Currently, the most commonly used cannabinoid for neuropathic pain is CBD, and to a lesser extent THC, with promising results in small uncontrolled observational studies. The clinical studies conducted to date suffer from a small number of patients, different routes of administration, and highly variable THC/CBD ratios. Results are therefore divergent and not easily reproducible. It is necessary to design a randomized double-blind clinical trial once doubts about the route of administration, THC/CBD ratio, and dosage are cleared.

Multiple Sclerosis/Spasticity

Multiple sclerosis was the first neurological disease for which cannabinoids were approved for use – specifically, to improve spasticity and muscle spasms suffered by patients with advanced stages of the disease. Several clinical trials proved its efficacy beyond doubt, which led in 2010 to the approval of a THC+CBD spray (nabiximol) for this therapeutic indication.

Further observational studies in multiple patients with sclerosis suggest that nabiximol used for spasticity also produces improvement in other symptoms of the disease such as neuropathic pain, bladder dysfunction, fatigue, and sleep disturbances.

Neurodegenerative diseases

Neurodegenerative diseases are largely caused by oxidative stress that ultimately leads to selective neuronal death. The most common and well known are Alzheimer's disease and Parkinson's disease. These diseases are inexorably progressive, and currently we have no curative therapies: only treatments that improve the symptoms.

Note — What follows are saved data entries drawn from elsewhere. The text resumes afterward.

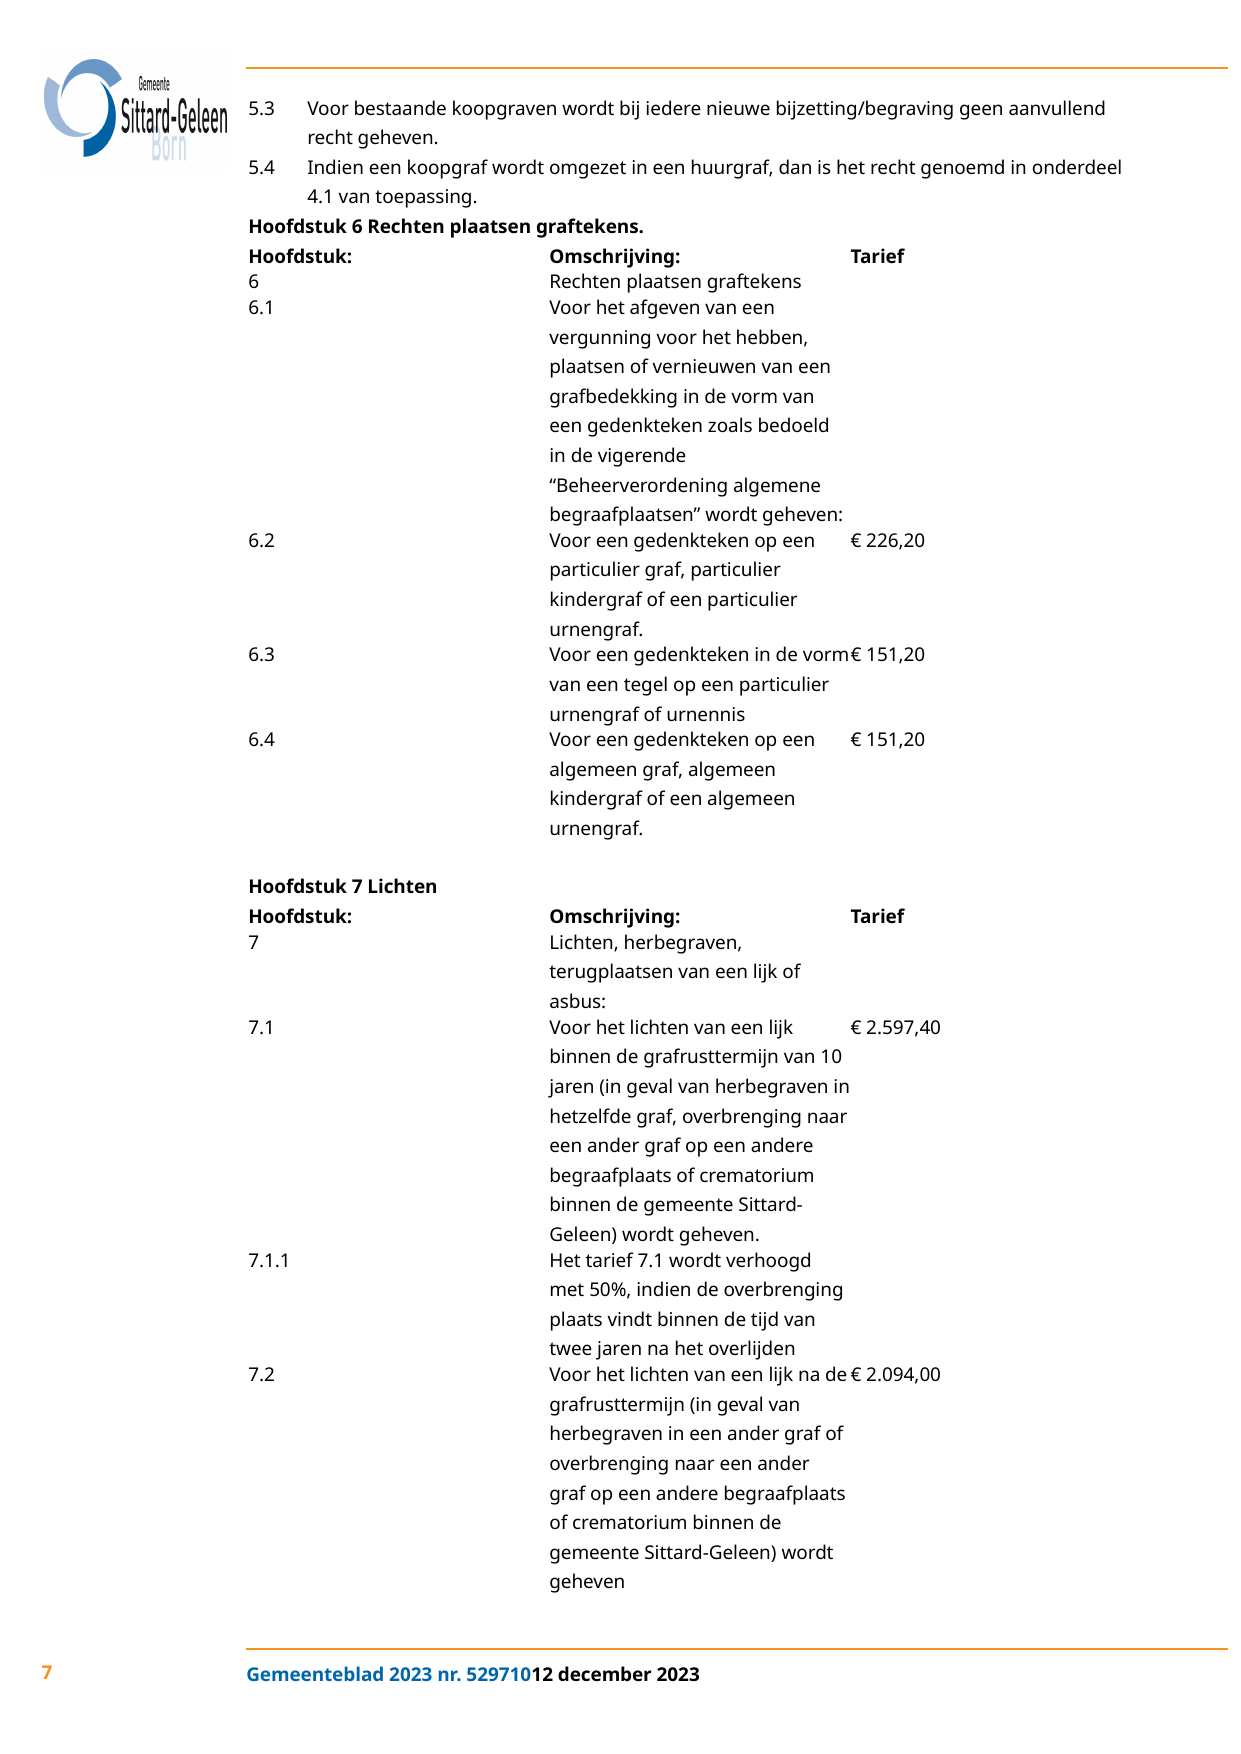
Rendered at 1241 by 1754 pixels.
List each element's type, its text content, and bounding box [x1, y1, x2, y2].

table_cell 7.1 [248, 1014, 549, 1247]
table_cell [850, 294, 1152, 527]
table_header Hoofdstuk: [248, 243, 549, 268]
table_cell 7.1.1 [248, 1247, 549, 1361]
table_cell Voor het lichten van een lijk na de grafrusttermijn (in geval van herbegraven in een ander graf of overbrenging naar een ander graf op een andere begraafplaats of crematorium binnen de gemeente Sittard-Geleen) wordt geheven [549, 1361, 850, 1594]
table_cell [850, 929, 1152, 1014]
table_cell Voor een gedenkteken in de vorm van een tegel op een particulier urnengraf of urnennis [549, 642, 850, 726]
table_cell Het tarief 7.1 wordt verhoogd met 50%, indien de overbrenging plaats vindt binnen de tijd van twee jaren na het overlijden [549, 1247, 850, 1361]
table_cell € 226,20 [850, 527, 1152, 642]
table_header Hoofdstuk: [248, 904, 549, 929]
text Hoofdstuk 6 Rechten plaatsen graftekens. [248, 213, 1152, 239]
table_header Tarief [850, 243, 1152, 268]
table_cell 7.2 [248, 1361, 549, 1594]
table_cell Voor het afgeven van een vergunning voor het hebben, plaatsen of vernieuwen van een grafbedekking in de vorm van een gedenkteken zoals bedoeld in de vigerende “Beheerverordening algemene begraafplaatsen” wordt geheven: [549, 294, 850, 527]
table_cell € 2.094,00 [850, 1361, 1152, 1594]
list Voor bestaande koopgraven wordt bij iedere nieuwe bijzetting/begraving geen aanvullend recht geheven. [248, 95, 1152, 150]
table_cell [850, 1247, 1152, 1361]
table_cell 6.3 [248, 642, 549, 726]
table_cell Rechten plaatsen graftekens [549, 269, 850, 294]
text Hoofdstuk 7 Lichten [248, 874, 1152, 899]
table_cell 6 [248, 269, 549, 294]
table_cell 6.1 [248, 294, 549, 527]
table_cell Voor een gedenkteken op een algemeen graf, algemeen kindergraf of een algemeen urnengraf. [549, 726, 850, 841]
table_cell € 151,20 [850, 642, 1152, 726]
table_cell Voor het lichten van een lijk binnen de grafrusttermijn van 10 jaren (in geval van herbegraven in hetzelfde graf, overbrenging naar een ander graf op een andere begraafplaats of crematorium binnen de gemeente Sittard-Geleen) wordt geheven. [549, 1014, 850, 1247]
table_cell [850, 269, 1152, 294]
table_header Omschrijving: [549, 243, 850, 268]
table_cell € 151,20 [850, 726, 1152, 841]
table_cell 7 [248, 929, 549, 1014]
table_cell Voor een gedenkteken op een particulier graf, particulier kindergraf of een particulier urnengraf. [549, 527, 850, 642]
table_cell € 2.597,40 [850, 1014, 1152, 1247]
table_cell Lichten, herbegraven, terugplaatsen van een lijk of asbus: [549, 929, 850, 1014]
table_header Tarief [850, 904, 1152, 929]
list Indien een koopgraf wordt omgezet in een huurgraf, dan is het recht genoemd in onderdeel 4.1 van toepassing. [248, 154, 1152, 209]
picture [41, 47, 231, 172]
table_header Omschrijving: [549, 904, 850, 929]
table_cell 6.2 [248, 527, 549, 642]
table_cell 6.4 [248, 726, 549, 841]
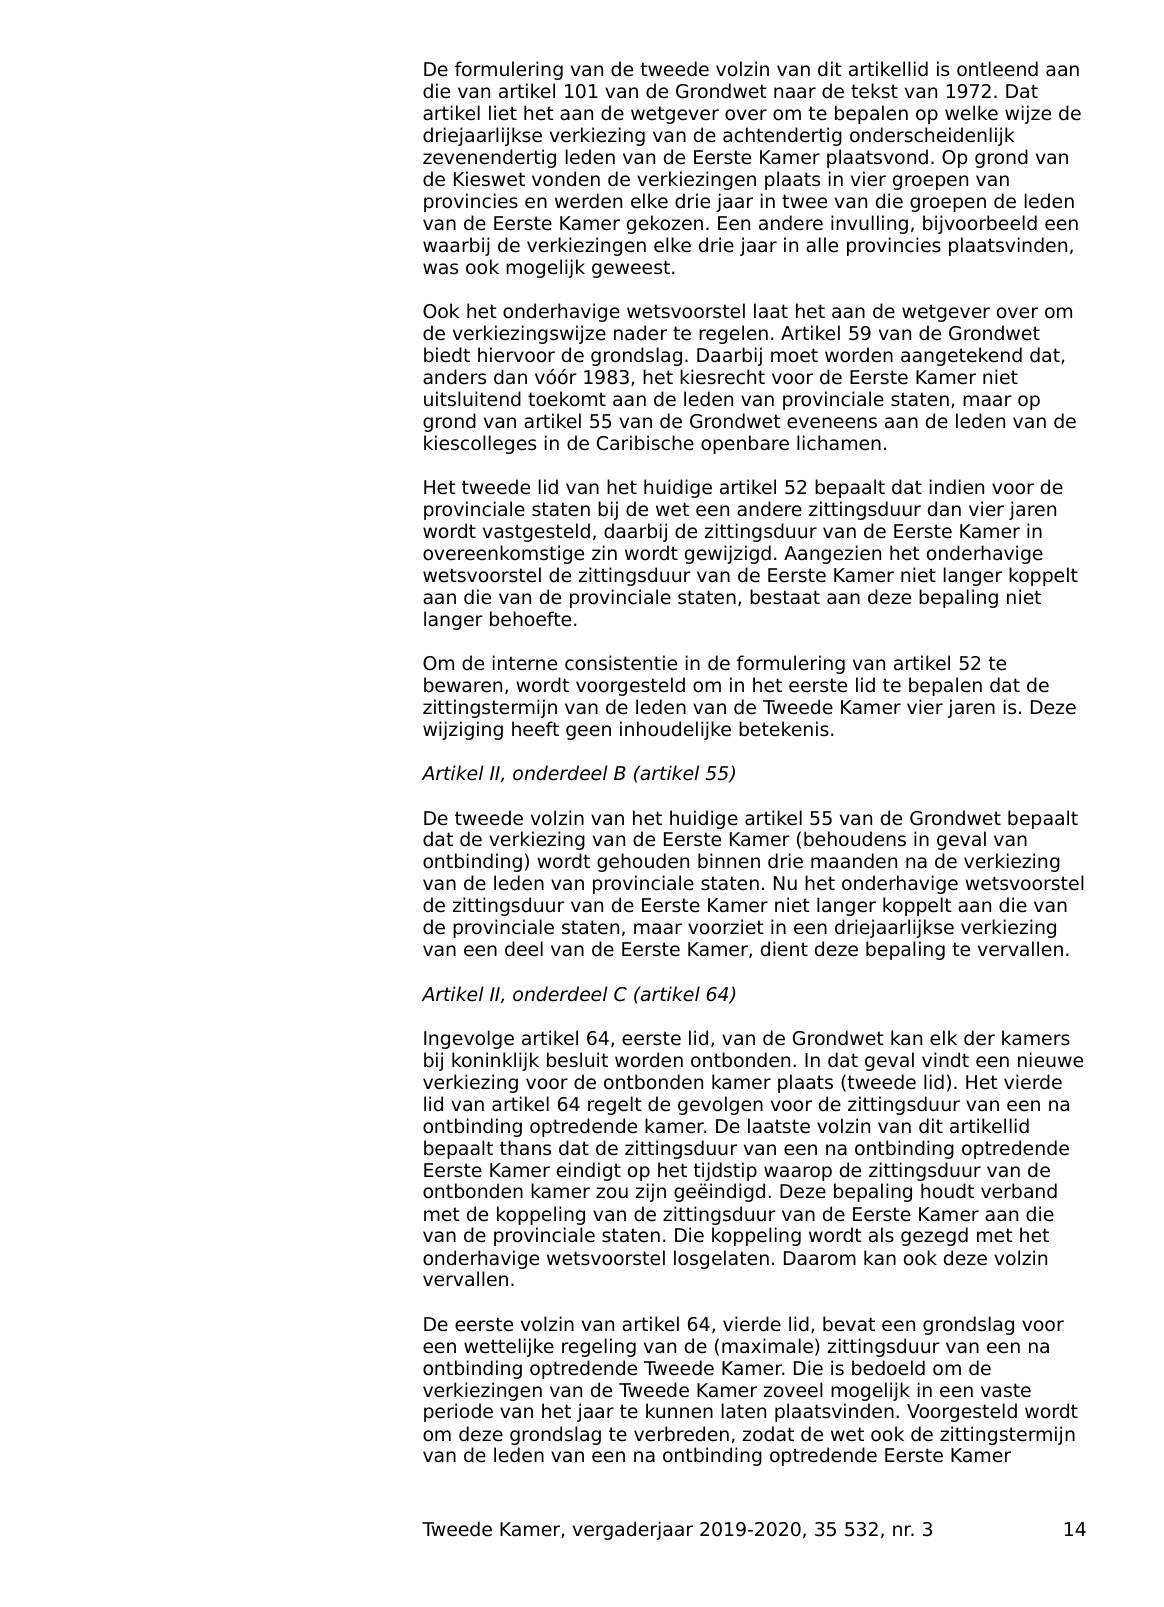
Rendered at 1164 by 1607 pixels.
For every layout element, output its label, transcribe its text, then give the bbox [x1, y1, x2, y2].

text De formulering van de tweede volzin van dit artikellid is ontleend aan die van artikel 101 van de Grondwet naar de tekst van 1972. Dat artikel liet het aan de wetgever over om te bepalen op welke wijze de driejaarlijkse verkiezing van de achtendertig onderscheidenlijk zevenendertig leden van de Eerste Kamer plaatsvond. Op grond van de Kieswet vonden de verkiezingen plaats in vier groepen van provincies en werden elke drie jaar in twee van die groepen de leden van de Eerste Kamer gekozen. Een andere invulling, bijvoorbeeld een waarbij de verkiezingen elke drie jaar in alle provincies plaatsvinden, was ook mogelijk geweest. [422, 59, 1087, 279]
text De eerste volzin van artikel 64, vierde lid, bevat een grondslag voor een wettelijke regeling van de (maximale) zittingsduur van een na ontbinding optredende Tweede Kamer. Die is bedoeld om de verkiezingen van de Tweede Kamer zoveel mogelijk in een vaste periode van het jaar te kunnen laten plaatsvinden. Voorgesteld wordt om deze grondslag te verbreden, zodat de wet ook de zittingstermijn van de leden van een na ontbinding optredende Eerste Kamer [422, 1313, 1087, 1467]
subtitle Artikel II, onderdeel B (artikel 55) [422, 763, 1087, 785]
subtitle Artikel II, onderdeel C (artikel 64) [422, 983, 1087, 1005]
text Om de interne consistentie in de formulering van artikel 52 te bewaren, wordt voorgesteld om in het eerste lid te bepalen dat de zittingstermijn van de leden van de Tweede Kamer vier jaren is. Deze wijziging heeft geen inhoudelijke betekenis. [422, 653, 1087, 741]
text De tweede volzin van het huidige artikel 55 van de Grondwet bepaalt dat de verkiezing van de Eerste Kamer (behoudens in geval van ontbinding) wordt gehouden binnen drie maanden na de verkiezing van de leden van provinciale staten. Nu het onderhavige wetsvoorstel de zittingsduur van de Eerste Kamer niet langer koppelt aan die van de provinciale staten, maar voorziet in een driejaarlijkse verkiezing van een deel van de Eerste Kamer, dient deze bepaling te vervallen. [422, 807, 1087, 961]
text Ingevolge artikel 64, eerste lid, van de Grondwet kan elk der kamers bij koninklijk besluit worden ontbonden. In dat geval vindt een nieuwe verkiezing voor de ontbonden kamer plaats (tweede lid). Het vierde lid van artikel 64 regelt de gevolgen voor de zittingsduur van een na ontbinding optredende kamer. De laatste volzin van dit artikellid bepaalt thans dat de zittingsduur van een na ontbinding optredende Eerste Kamer eindigt op het tijdstip waarop de zittingsduur van de ontbonden kamer zou zijn geëindigd. Deze bepaling houdt verband met de koppeling van de zittingsduur van de Eerste Kamer aan die van de provinciale staten. Die koppeling wordt als gezegd met het onderhavige wetsvoorstel losgelaten. Daarom kan ook deze volzin vervallen. [422, 1028, 1087, 1291]
text Het tweede lid van het huidige artikel 52 bepaalt dat indien voor de provinciale staten bij de wet een andere zittingsduur dan vier jaren wordt vastgesteld, daarbij de zittingsduur van de Eerste Kamer in overeenkomstige zin wordt gewijzigd. Aangezien het onderhavige wetsvoorstel de zittingsduur van de Eerste Kamer niet langer koppelt aan die van de provinciale staten, bestaat aan deze bepaling niet langer behoefte. [422, 477, 1087, 631]
text Ook het onderhavige wetsvoorstel laat het aan de wetgever over om de verkiezingswijze nader te regelen. Artikel 59 van de Grondwet biedt hiervoor de grondslag. Daarbij moet worden aangetekend dat, anders dan vóór 1983, het kiesrecht voor de Eerste Kamer niet uitsluitend toekomt aan de leden van provinciale staten, maar op grond van artikel 55 van de Grondwet eveneens aan de leden van de kiescolleges in de Caribische openbare lichamen. [422, 301, 1087, 455]
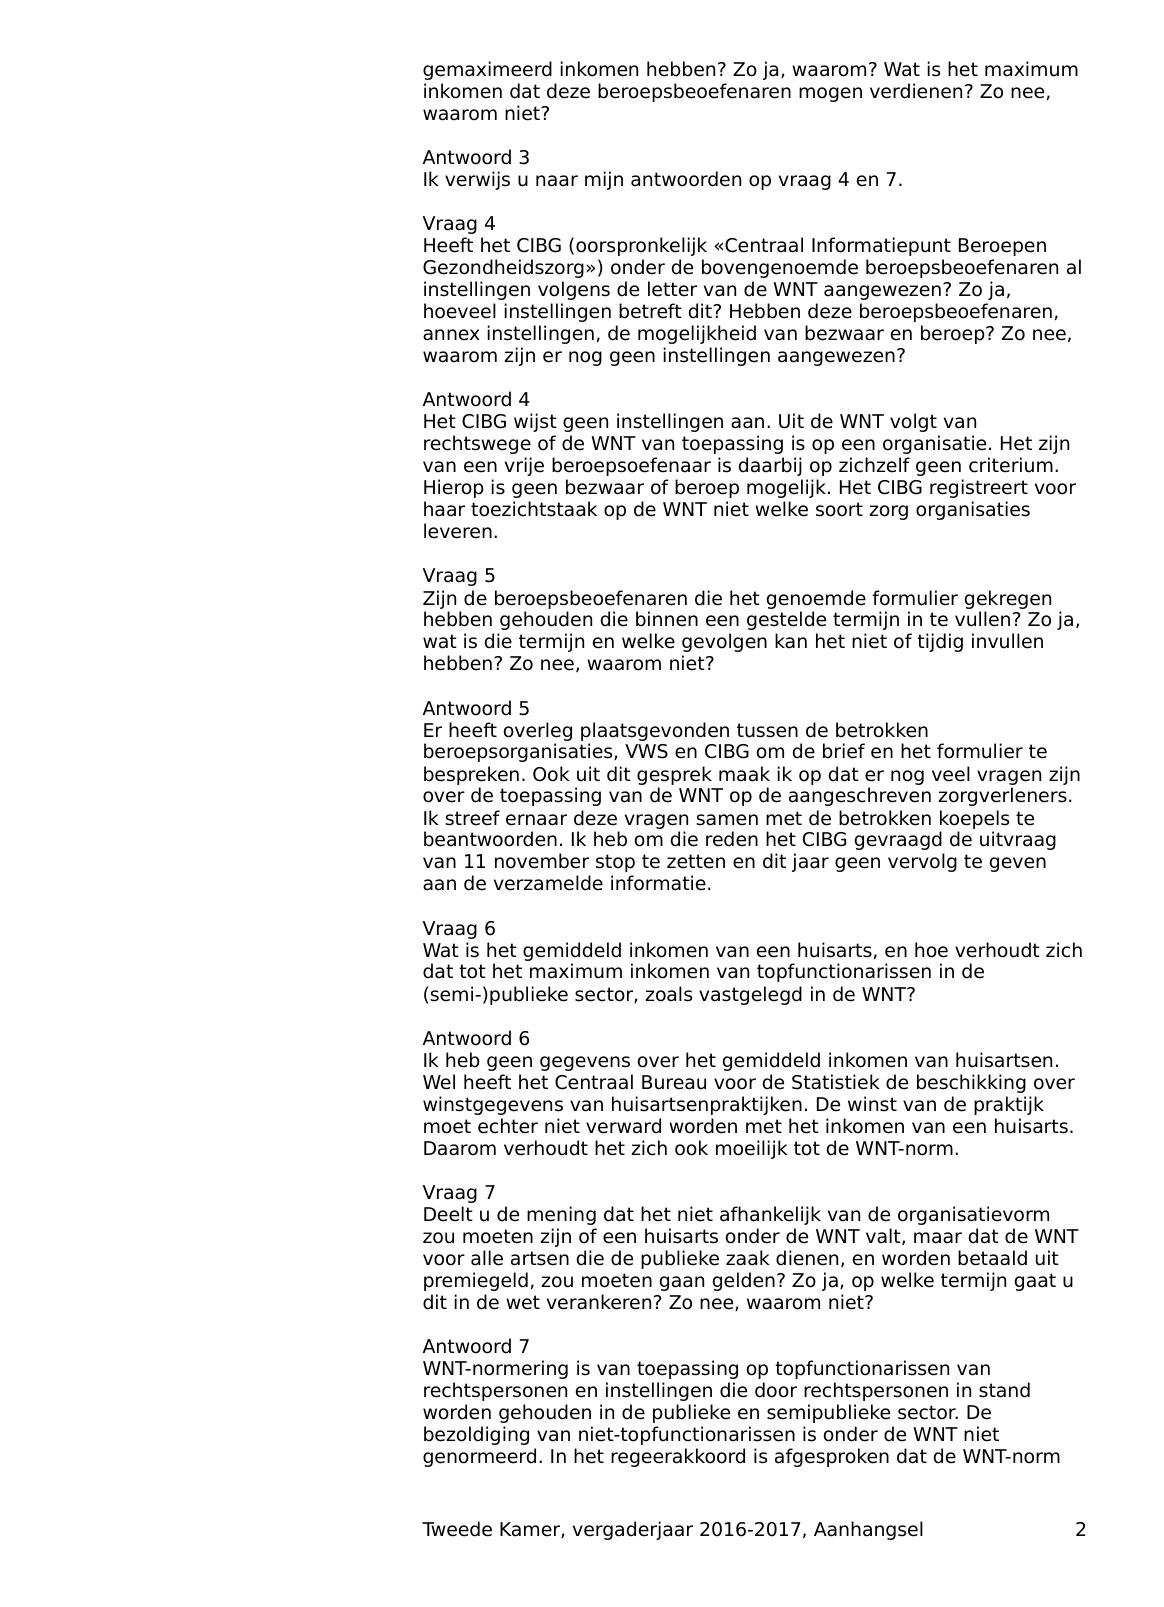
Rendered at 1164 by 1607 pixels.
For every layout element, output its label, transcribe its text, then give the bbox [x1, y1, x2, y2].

text WNT-normering is van toepassing op topfunctionarissen van rechtspersonen en instellingen die door rechtspersonen in stand worden gehouden in de publieke en semipublieke sector. De bezoldiging van niet-topfunctionarissen is onder de WNT niet genormeerd. In het regeerakkoord is afgesproken dat de WNT-norm [422, 1358, 1087, 1468]
text Heeft het CIBG (oorspronkelijk «Centraal Informatiepunt Beroepen Gezondheidszorg») onder de bovengenoemde beroepsbeoefenaren al instellingen volgens de letter van de WNT aangewezen? Zo ja, hoeveel instellingen betreft dit? Hebben deze beroepsbeoefenaren, annex instellingen, de mogelijkheid van bezwaar en beroep? Zo nee, waarom zijn er nog geen instellingen aangewezen? [422, 235, 1087, 367]
text Zijn de beroepsbeoefenaren die het genoemde formulier gekregen hebben gehouden die binnen een gestelde termijn in te vullen? Zo ja, wat is die termijn en welke gevolgen kan het niet of tijdig invullen hebben? Zo nee, waarom niet? [422, 587, 1087, 675]
text Vraag 7 [422, 1182, 1087, 1204]
text Antwoord 6 [422, 1028, 1087, 1049]
text Antwoord 5 [422, 697, 1087, 719]
text Ik verwijs u naar mijn antwoorden op vraag 4 en 7. [422, 169, 1087, 191]
text Het CIBG wijst geen instellingen aan. Uit de WNT volgt van rechtswege of de WNT van toepassing is op een organisatie. Het zijn van een vrije beroepsoefenaar is daarbij op zichzelf geen criterium. Hierop is geen bezwaar of beroep mogelijk. Het CIBG registreert voor haar toezichtstaak op de WNT niet welke soort zorg organisaties leveren. [422, 411, 1087, 543]
text Ik heb geen gegevens over het gemiddeld inkomen van huisartsen. Wel heeft het Centraal Bureau voor de Statistiek de beschikking over winstgegevens van huisartsenpraktijken. De winst van de praktijk moet echter niet verward worden met het inkomen van een huisarts. Daarom verhoudt het zich ook moeilijk tot de WNT-norm. [422, 1049, 1087, 1159]
text Antwoord 7 [422, 1336, 1087, 1358]
text Antwoord 3 [422, 147, 1087, 169]
text Antwoord 4 [422, 389, 1087, 411]
text Vraag 6 [422, 917, 1087, 939]
text Vraag 5 [422, 565, 1087, 587]
text Er heeft overleg plaatsgevonden tussen de betrokken beroepsorganisaties, VWS en CIBG om de brief en het formulier te bespreken. Ook uit dit gesprek maak ik op dat er nog veel vragen zijn over de toepassing van de WNT op de aangeschreven zorgverleners. Ik streef ernaar deze vragen samen met de betrokken koepels te beantwoorden. Ik heb om die reden het CIBG gevraagd de uitvraag van 11 november stop te zetten en dit jaar geen vervolg te geven aan de verzamelde informatie. [422, 719, 1087, 895]
text gemaximeerd inkomen hebben? Zo ja, waarom? Wat is het maximum inkomen dat deze beroepsbeoefenaren mogen verdienen? Zo nee, waarom niet? [422, 59, 1087, 125]
text Deelt u de mening dat het niet afhankelijk van de organisatievorm zou moeten zijn of een huisarts onder de WNT valt, maar dat de WNT voor alle artsen die de publieke zaak dienen, en worden betaald uit premiegeld, zou moeten gaan gelden? Zo ja, op welke termijn gaat u dit in de wet verankeren? Zo nee, waarom niet? [422, 1204, 1087, 1313]
text Wat is het gemiddeld inkomen van een huisarts, en hoe verhoudt zich dat tot het maximum inkomen van topfunctionarissen in de (semi-)publieke sector, zoals vastgelegd in de WNT? [422, 939, 1087, 1005]
text Vraag 4 [422, 213, 1087, 235]

With the discovery of the mechanism of action of cannabinoids, which act with inhibitory feedback signals at the neuronal synaptic level, it was also observed that they act on oxidative stress pathways. Thus, it has been thought that CBD could be a candidate for neuroprotective treatment in these diseases, preventing neuronal death. Preliminary in vitro studies are promising, but the few clinical studies to date have not been positive.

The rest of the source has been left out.